雲は
「なあ、いろんなことがあったよなあ」
澄んだ夏の空を見上げ、俺は彼女に声をかけた。
「…」
彼女は答えない。分厚い入道雲が頭上をゆっくりと通り過ぎていく。
「水族館行ったときのこと覚えてるか。アシカのショーでお前がゲストで呼ばれてさ。輪っか投げたよな」
緊張した様子の彼女がぎこちなく投げた輪っかをアシカが器用に頭でキャッチして。観客からの拍手を浴びながら俺のもとへ駆け戻ってきた彼女のはにかんだ表情を見たとき、たまらない愛おしさを感じたのだ。
「……」
しかしやはり彼女は何も言わない。風の音も木のざわめきすら聞こえないその痛いくらいの沈黙から逃れるように、俺は無理に笑顔を作り、無理に明るい声を出す。
「イルカのショーも楽しかったな。最前列でびしょ濡れになったんだよな」
目の前でイルカが大ジャンプを決めた後、想像以上に撥ねた大きな水の塊をもろに被ったのだ。慌てて髪やカメラを拭きながら、暑いからちょうどいいね、と強がる彼女を見ると思った以上にずぶ濡れで、光を反射して輝くお互いの姿がなんだかおかしくて、二人同時に吹き出して笑い合った。
「………」
彼女は黙ったままだ。太陽が雲に隠れ、辺り一帯が薄っすらと翳る。
「なあ」
「…………」
「なんとか言えよ」
自分の声が震えるのが分かった。耐えられない苛立ちに、右手を強く握り締める。
「……………」
「黙ってんじゃねえよ!」
そのまま振り上げた拳を、力任せに叩きつけた。しかしそれは、こちらの拳を壊すだけだった。
「………………」
俺の目の前に無言で佇むのは、彼女の名が彫られた、大きく綺麗で、硬くて冷たい石。
途切れた雲の隙間から差し込んだ幾筋かの光が、それを神秘的に、ライトを浴びる芸術品のように美しく照らし出して。その光景があまりに幻想的で。
まるで、この世のものではないみたいで。
そう思ってしまった自分にどうしようもなく腹が立った。
「…クソがっ!」
殴りつける。彼女を向こう側の世界へと繋ぎとめているその石を。何度も、何度も。
拳が滑って角にぶつかり、鈍い痛みが走る。裂けた皮膚から真っ赤な血が滲む。構わず殴り続ける。

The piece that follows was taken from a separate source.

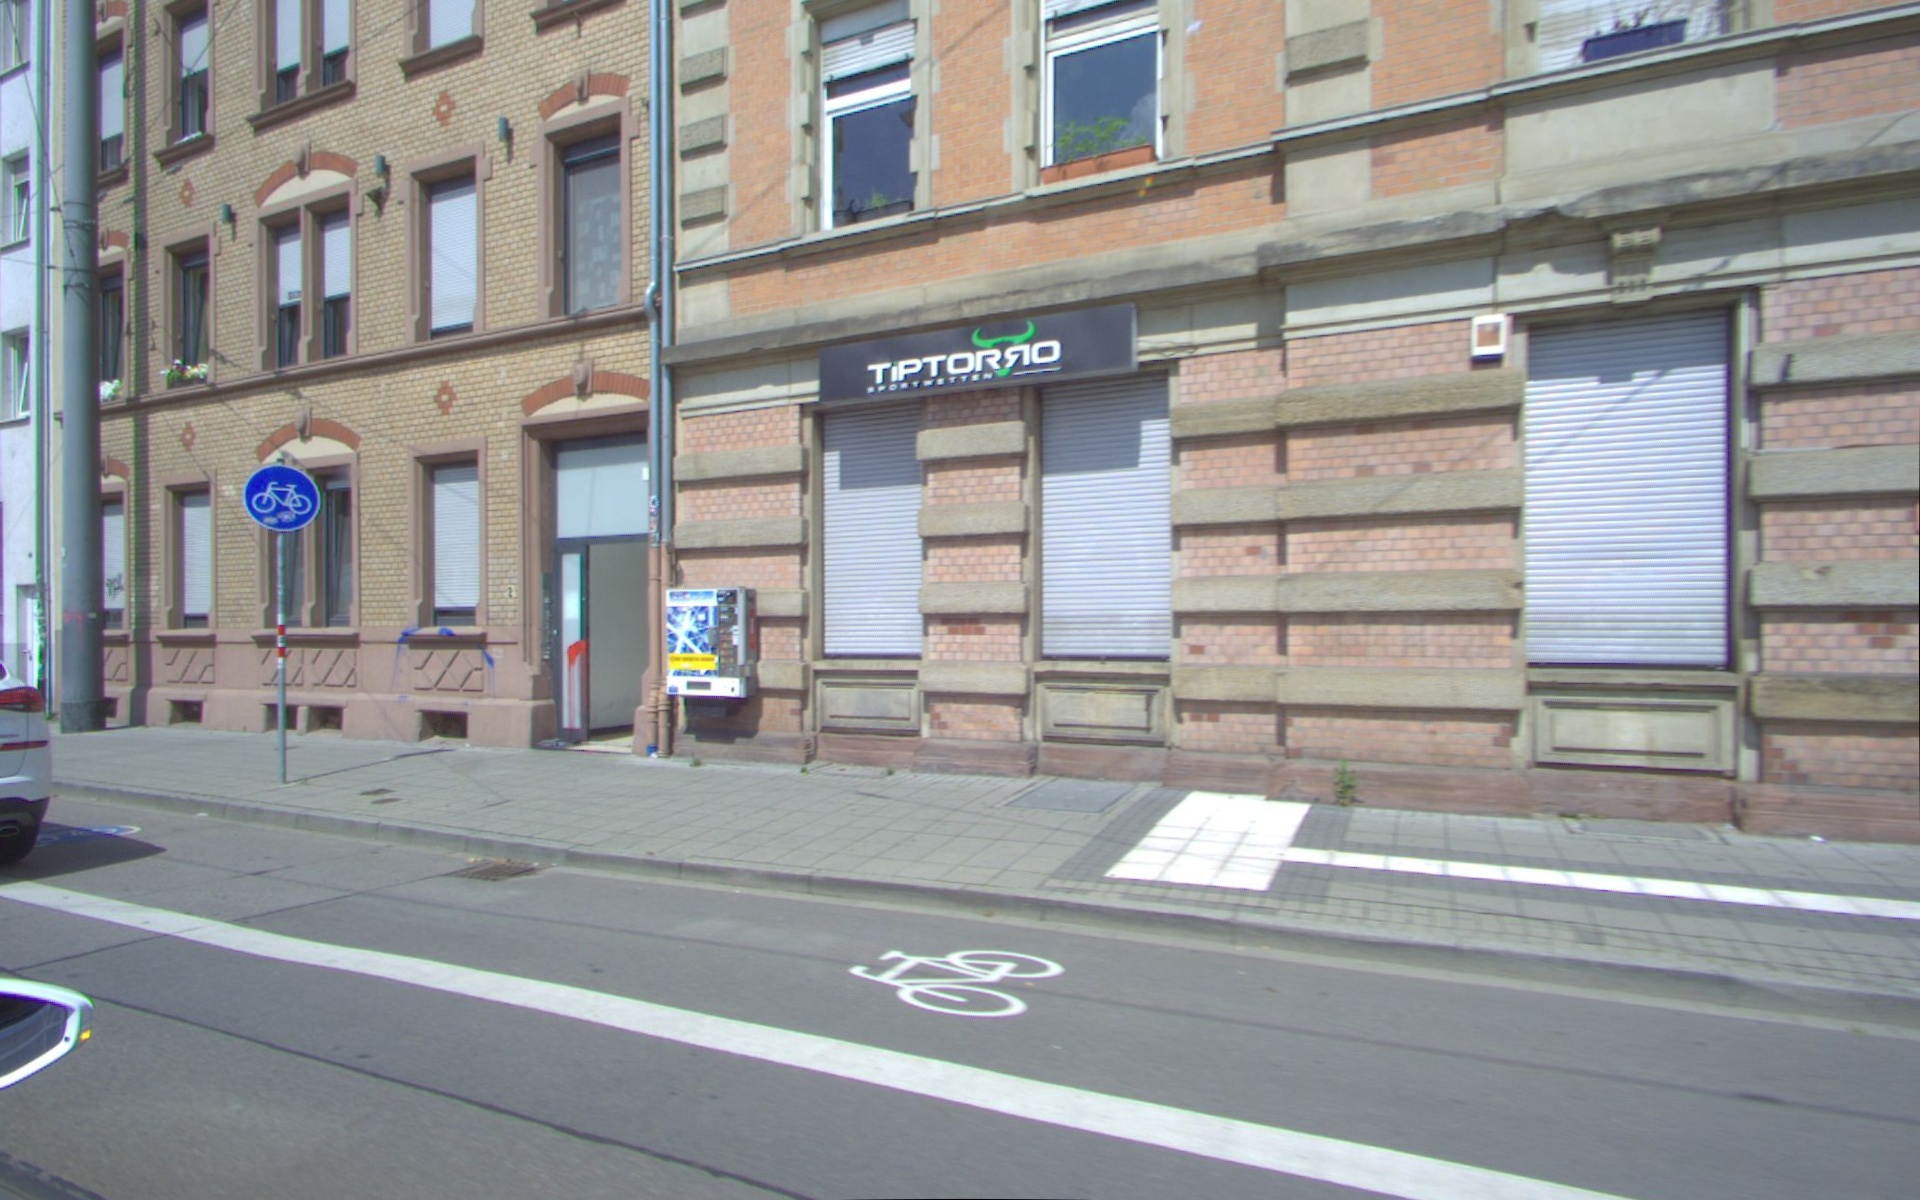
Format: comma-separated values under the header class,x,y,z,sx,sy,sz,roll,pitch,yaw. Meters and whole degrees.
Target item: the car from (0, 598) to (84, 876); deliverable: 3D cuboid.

これでいいのだ。大切な人一人護れない、無力で愚かな自分など。彼女が受けた痛みに比べればこんなもの。
また殴ろうとして右手を振り上げ。自分の血で汚れた”それ”が目に入った。
「…っ」
爪の跡が青黒く残るほどきつく握りしめたその拳を、俺は振り下ろすことができなかった。砂利にへたり込む。燃え尽きかけた線香の煙が肺に流れ込んできて。
吐き気がした。
「う、あああああああああああ!」
こんなこと、許せるわけがなかった。喉が、肺が、限界を告げてもなお息を吐き出し続け、やがて咳き込む。咳き込むために入ってくる空気に吐き気がしてまた咳き込む。嘔吐く。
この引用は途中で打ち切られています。